## Brief
Return, from the lines below, each one that includes the word "ekilex".
▬▬▬
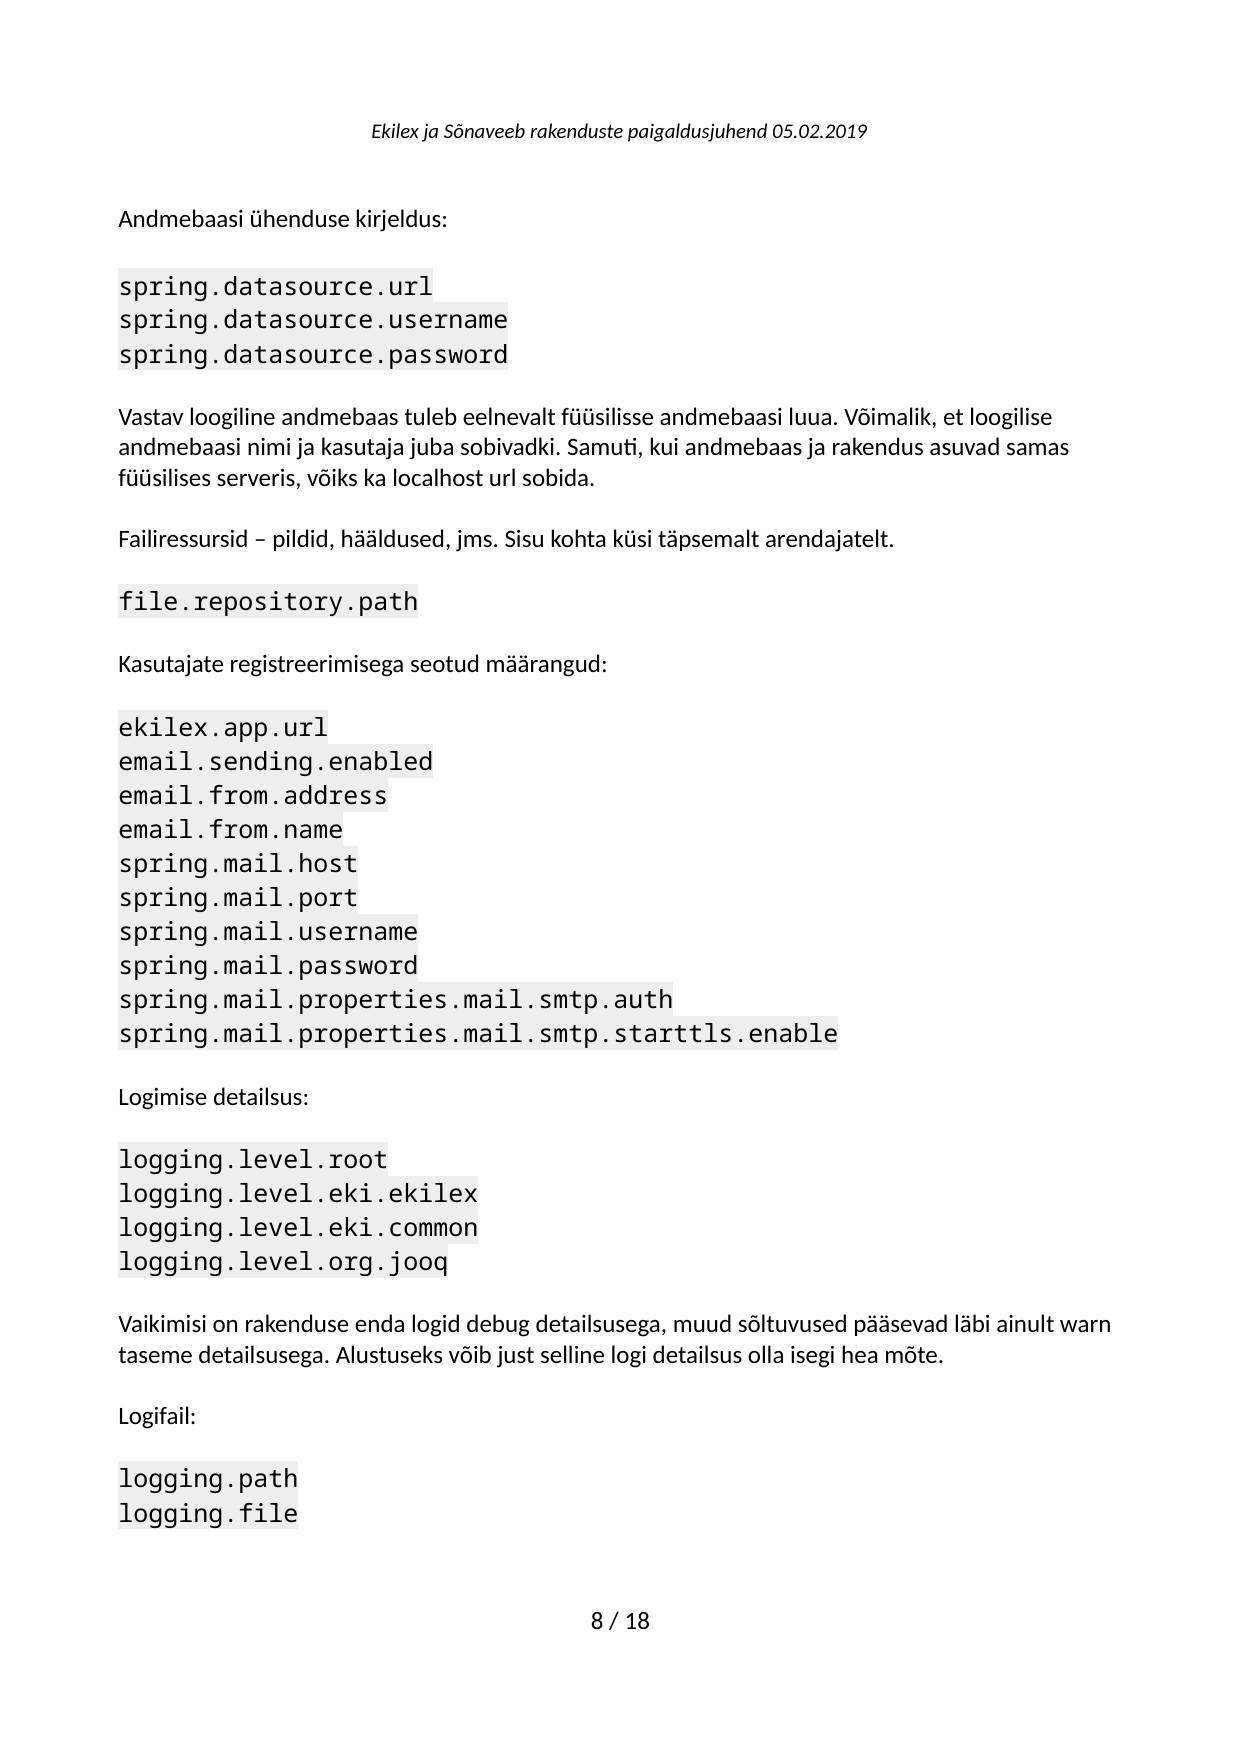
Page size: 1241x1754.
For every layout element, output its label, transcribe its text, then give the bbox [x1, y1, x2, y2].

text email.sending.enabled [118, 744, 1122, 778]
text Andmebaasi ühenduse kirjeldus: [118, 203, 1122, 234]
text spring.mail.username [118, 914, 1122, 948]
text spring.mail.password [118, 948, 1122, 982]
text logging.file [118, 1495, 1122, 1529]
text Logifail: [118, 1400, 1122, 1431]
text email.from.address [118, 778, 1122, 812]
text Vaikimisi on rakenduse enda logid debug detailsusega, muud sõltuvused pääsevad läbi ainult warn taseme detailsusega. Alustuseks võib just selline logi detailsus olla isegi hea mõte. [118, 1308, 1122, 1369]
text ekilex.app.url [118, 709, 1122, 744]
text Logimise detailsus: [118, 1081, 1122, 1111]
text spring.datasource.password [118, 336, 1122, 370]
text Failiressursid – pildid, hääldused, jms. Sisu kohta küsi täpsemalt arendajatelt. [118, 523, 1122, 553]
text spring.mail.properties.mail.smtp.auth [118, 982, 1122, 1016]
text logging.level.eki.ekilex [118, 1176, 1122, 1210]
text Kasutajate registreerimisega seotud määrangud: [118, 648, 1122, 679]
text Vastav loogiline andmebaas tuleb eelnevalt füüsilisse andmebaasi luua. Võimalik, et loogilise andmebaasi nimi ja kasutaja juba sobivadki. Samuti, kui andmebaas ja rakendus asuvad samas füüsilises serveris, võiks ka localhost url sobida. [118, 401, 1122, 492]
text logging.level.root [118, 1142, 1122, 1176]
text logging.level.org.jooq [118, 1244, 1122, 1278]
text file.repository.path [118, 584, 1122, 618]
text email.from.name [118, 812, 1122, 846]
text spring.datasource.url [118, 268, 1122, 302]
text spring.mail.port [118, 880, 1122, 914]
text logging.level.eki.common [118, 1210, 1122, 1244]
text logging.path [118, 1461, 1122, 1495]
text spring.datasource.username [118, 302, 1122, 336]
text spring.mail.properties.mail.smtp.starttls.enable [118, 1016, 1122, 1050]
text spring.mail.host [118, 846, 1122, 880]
▬▬▬
## Task response
text ekilex.app.url [118, 709, 1122, 744]
text logging.level.eki.ekilex [118, 1176, 1122, 1210]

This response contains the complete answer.